(Source data)
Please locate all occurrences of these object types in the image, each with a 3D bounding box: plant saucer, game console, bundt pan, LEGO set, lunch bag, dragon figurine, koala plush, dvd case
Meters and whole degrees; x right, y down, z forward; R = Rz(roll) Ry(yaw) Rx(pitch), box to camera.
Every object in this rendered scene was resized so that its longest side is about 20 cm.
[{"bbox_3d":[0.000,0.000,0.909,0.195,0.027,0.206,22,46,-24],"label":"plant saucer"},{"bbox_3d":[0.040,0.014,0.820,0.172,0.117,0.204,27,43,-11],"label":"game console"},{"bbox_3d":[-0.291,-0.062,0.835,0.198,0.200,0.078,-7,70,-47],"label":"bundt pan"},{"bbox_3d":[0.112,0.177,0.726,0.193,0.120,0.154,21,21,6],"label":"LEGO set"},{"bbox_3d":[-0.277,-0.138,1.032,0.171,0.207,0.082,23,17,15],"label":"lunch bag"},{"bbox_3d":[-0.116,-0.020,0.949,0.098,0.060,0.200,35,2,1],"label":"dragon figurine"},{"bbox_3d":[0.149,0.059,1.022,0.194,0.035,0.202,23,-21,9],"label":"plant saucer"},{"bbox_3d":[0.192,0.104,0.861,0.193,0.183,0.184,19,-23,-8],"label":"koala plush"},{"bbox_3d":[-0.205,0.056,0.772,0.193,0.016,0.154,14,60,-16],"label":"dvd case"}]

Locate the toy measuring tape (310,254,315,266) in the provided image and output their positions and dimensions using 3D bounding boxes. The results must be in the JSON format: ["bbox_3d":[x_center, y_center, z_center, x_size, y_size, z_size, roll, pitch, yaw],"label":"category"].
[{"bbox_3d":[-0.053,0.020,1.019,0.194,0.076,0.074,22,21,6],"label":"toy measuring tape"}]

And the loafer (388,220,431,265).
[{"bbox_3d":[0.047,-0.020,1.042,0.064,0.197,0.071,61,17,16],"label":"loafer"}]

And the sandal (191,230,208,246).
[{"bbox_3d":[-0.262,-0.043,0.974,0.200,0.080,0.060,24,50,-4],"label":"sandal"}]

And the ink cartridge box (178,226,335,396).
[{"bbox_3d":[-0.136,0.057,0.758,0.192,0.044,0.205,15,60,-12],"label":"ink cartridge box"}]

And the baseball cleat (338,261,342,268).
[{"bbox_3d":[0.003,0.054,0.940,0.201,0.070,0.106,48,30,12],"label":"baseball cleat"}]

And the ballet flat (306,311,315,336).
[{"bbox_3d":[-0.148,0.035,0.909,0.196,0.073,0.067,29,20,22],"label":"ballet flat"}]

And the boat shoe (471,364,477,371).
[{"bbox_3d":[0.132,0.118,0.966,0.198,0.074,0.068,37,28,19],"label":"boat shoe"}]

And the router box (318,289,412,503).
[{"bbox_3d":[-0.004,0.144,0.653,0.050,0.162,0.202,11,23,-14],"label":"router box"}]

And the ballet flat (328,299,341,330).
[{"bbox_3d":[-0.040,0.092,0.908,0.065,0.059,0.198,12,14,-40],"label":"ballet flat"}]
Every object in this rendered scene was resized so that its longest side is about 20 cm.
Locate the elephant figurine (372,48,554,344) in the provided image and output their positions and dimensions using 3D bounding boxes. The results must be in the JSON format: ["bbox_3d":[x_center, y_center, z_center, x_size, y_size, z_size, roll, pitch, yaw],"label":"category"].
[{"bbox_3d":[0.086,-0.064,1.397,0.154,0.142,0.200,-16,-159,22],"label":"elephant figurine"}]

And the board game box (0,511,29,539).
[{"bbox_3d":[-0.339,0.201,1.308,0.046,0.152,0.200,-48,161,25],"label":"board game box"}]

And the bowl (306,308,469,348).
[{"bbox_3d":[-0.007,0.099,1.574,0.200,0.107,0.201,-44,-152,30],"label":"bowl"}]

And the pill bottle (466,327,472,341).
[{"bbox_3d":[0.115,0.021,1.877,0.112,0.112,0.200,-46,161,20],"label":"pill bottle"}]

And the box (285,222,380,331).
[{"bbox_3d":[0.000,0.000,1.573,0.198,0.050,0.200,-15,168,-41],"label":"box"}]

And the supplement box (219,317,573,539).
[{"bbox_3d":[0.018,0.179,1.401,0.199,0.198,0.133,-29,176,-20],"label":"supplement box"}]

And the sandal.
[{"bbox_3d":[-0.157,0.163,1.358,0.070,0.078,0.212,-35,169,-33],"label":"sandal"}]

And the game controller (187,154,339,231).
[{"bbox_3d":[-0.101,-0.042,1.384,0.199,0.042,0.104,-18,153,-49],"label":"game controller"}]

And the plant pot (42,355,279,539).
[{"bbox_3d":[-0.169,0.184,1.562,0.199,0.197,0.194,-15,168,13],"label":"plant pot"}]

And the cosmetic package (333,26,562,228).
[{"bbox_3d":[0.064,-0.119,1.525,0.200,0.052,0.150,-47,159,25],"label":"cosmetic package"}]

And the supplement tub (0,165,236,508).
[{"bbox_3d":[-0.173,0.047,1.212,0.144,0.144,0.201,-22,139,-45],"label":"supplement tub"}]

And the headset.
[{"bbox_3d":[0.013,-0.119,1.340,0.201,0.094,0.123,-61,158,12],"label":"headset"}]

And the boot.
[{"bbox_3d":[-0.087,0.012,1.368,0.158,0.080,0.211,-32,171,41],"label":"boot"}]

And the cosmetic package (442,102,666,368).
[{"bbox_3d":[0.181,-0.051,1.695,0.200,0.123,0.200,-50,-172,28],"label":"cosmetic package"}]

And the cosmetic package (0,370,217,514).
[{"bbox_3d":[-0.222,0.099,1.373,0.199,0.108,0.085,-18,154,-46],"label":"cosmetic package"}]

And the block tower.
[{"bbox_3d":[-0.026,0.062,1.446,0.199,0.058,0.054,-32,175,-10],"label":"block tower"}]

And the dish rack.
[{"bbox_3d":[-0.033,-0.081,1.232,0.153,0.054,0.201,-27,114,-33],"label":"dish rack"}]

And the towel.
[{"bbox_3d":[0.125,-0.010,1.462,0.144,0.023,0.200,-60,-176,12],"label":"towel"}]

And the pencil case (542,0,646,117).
(End Source data)
Exercise instructions: Return what is listed above, exactly and completely.

Answer box:
Please locate all occurrences of these object types in the image, each with a 3D bounding box: plant saucer, game console, bundt pan, LEGO set, lunch bag, dragon figurine, koala plush, dvd case
Meters and whole degrees; x right, y down, z forward; R = Rz(roll) Ry(yaw) Rx(pitch), box to camera.
Every object in this rendered scene was resized so that its longest side is about 20 cm.
[{"bbox_3d":[0.000,0.000,0.909,0.195,0.027,0.206,22,46,-24],"label":"plant saucer"},{"bbox_3d":[0.040,0.014,0.820,0.172,0.117,0.204,27,43,-11],"label":"game console"},{"bbox_3d":[-0.291,-0.062,0.835,0.198,0.200,0.078,-7,70,-47],"label":"bundt pan"},{"bbox_3d":[0.112,0.177,0.726,0.193,0.120,0.154,21,21,6],"label":"LEGO set"},{"bbox_3d":[-0.277,-0.138,1.032,0.171,0.207,0.082,23,17,15],"label":"lunch bag"},{"bbox_3d":[-0.116,-0.020,0.949,0.098,0.060,0.200,35,2,1],"label":"dragon figurine"},{"bbox_3d":[0.149,0.059,1.022,0.194,0.035,0.202,23,-21,9],"label":"plant saucer"},{"bbox_3d":[0.192,0.104,0.861,0.193,0.183,0.184,19,-23,-8],"label":"koala plush"},{"bbox_3d":[-0.205,0.056,0.772,0.193,0.016,0.154,14,60,-16],"label":"dvd case"}]

Locate the toy measuring tape (310,254,315,266) in the provided image and output their positions and dimensions using 3D bounding boxes. The results must be in the JSON format: ["bbox_3d":[x_center, y_center, z_center, x_size, y_size, z_size, roll, pitch, yaw],"label":"category"].
[{"bbox_3d":[-0.053,0.020,1.019,0.194,0.076,0.074,22,21,6],"label":"toy measuring tape"}]

And the loafer (388,220,431,265).
[{"bbox_3d":[0.047,-0.020,1.042,0.064,0.197,0.071,61,17,16],"label":"loafer"}]

And the sandal (191,230,208,246).
[{"bbox_3d":[-0.262,-0.043,0.974,0.200,0.080,0.060,24,50,-4],"label":"sandal"}]

And the ink cartridge box (178,226,335,396).
[{"bbox_3d":[-0.136,0.057,0.758,0.192,0.044,0.205,15,60,-12],"label":"ink cartridge box"}]

And the baseball cleat (338,261,342,268).
[{"bbox_3d":[0.003,0.054,0.940,0.201,0.070,0.106,48,30,12],"label":"baseball cleat"}]

And the ballet flat (306,311,315,336).
[{"bbox_3d":[-0.148,0.035,0.909,0.196,0.073,0.067,29,20,22],"label":"ballet flat"}]

And the boat shoe (471,364,477,371).
[{"bbox_3d":[0.132,0.118,0.966,0.198,0.074,0.068,37,28,19],"label":"boat shoe"}]

And the router box (318,289,412,503).
[{"bbox_3d":[-0.004,0.144,0.653,0.050,0.162,0.202,11,23,-14],"label":"router box"}]

And the ballet flat (328,299,341,330).
[{"bbox_3d":[-0.040,0.092,0.908,0.065,0.059,0.198,12,14,-40],"label":"ballet flat"}]
Every object in this rendered scene was resized so that its longest side is about 20 cm.
Locate the elephant figurine (372,48,554,344) in the provided image and output their positions and dimensions using 3D bounding boxes. The results must be in the JSON format: ["bbox_3d":[x_center, y_center, z_center, x_size, y_size, z_size, roll, pitch, yaw],"label":"category"].
[{"bbox_3d":[0.086,-0.064,1.397,0.154,0.142,0.200,-16,-159,22],"label":"elephant figurine"}]

And the board game box (0,511,29,539).
[{"bbox_3d":[-0.339,0.201,1.308,0.046,0.152,0.200,-48,161,25],"label":"board game box"}]

And the bowl (306,308,469,348).
[{"bbox_3d":[-0.007,0.099,1.574,0.200,0.107,0.201,-44,-152,30],"label":"bowl"}]

And the pill bottle (466,327,472,341).
[{"bbox_3d":[0.115,0.021,1.877,0.112,0.112,0.200,-46,161,20],"label":"pill bottle"}]

And the box (285,222,380,331).
[{"bbox_3d":[0.000,0.000,1.573,0.198,0.050,0.200,-15,168,-41],"label":"box"}]

And the supplement box (219,317,573,539).
[{"bbox_3d":[0.018,0.179,1.401,0.199,0.198,0.133,-29,176,-20],"label":"supplement box"}]

And the sandal.
[{"bbox_3d":[-0.157,0.163,1.358,0.070,0.078,0.212,-35,169,-33],"label":"sandal"}]

And the game controller (187,154,339,231).
[{"bbox_3d":[-0.101,-0.042,1.384,0.199,0.042,0.104,-18,153,-49],"label":"game controller"}]

And the plant pot (42,355,279,539).
[{"bbox_3d":[-0.169,0.184,1.562,0.199,0.197,0.194,-15,168,13],"label":"plant pot"}]

And the cosmetic package (333,26,562,228).
[{"bbox_3d":[0.064,-0.119,1.525,0.200,0.052,0.150,-47,159,25],"label":"cosmetic package"}]

And the supplement tub (0,165,236,508).
[{"bbox_3d":[-0.173,0.047,1.212,0.144,0.144,0.201,-22,139,-45],"label":"supplement tub"}]

And the headset.
[{"bbox_3d":[0.013,-0.119,1.340,0.201,0.094,0.123,-61,158,12],"label":"headset"}]

And the boot.
[{"bbox_3d":[-0.087,0.012,1.368,0.158,0.080,0.211,-32,171,41],"label":"boot"}]

And the cosmetic package (442,102,666,368).
[{"bbox_3d":[0.181,-0.051,1.695,0.200,0.123,0.200,-50,-172,28],"label":"cosmetic package"}]

And the cosmetic package (0,370,217,514).
[{"bbox_3d":[-0.222,0.099,1.373,0.199,0.108,0.085,-18,154,-46],"label":"cosmetic package"}]

And the block tower.
[{"bbox_3d":[-0.026,0.062,1.446,0.199,0.058,0.054,-32,175,-10],"label":"block tower"}]

And the dish rack.
[{"bbox_3d":[-0.033,-0.081,1.232,0.153,0.054,0.201,-27,114,-33],"label":"dish rack"}]

And the towel.
[{"bbox_3d":[0.125,-0.010,1.462,0.144,0.023,0.200,-60,-176,12],"label":"towel"}]

And the pencil case (542,0,646,117).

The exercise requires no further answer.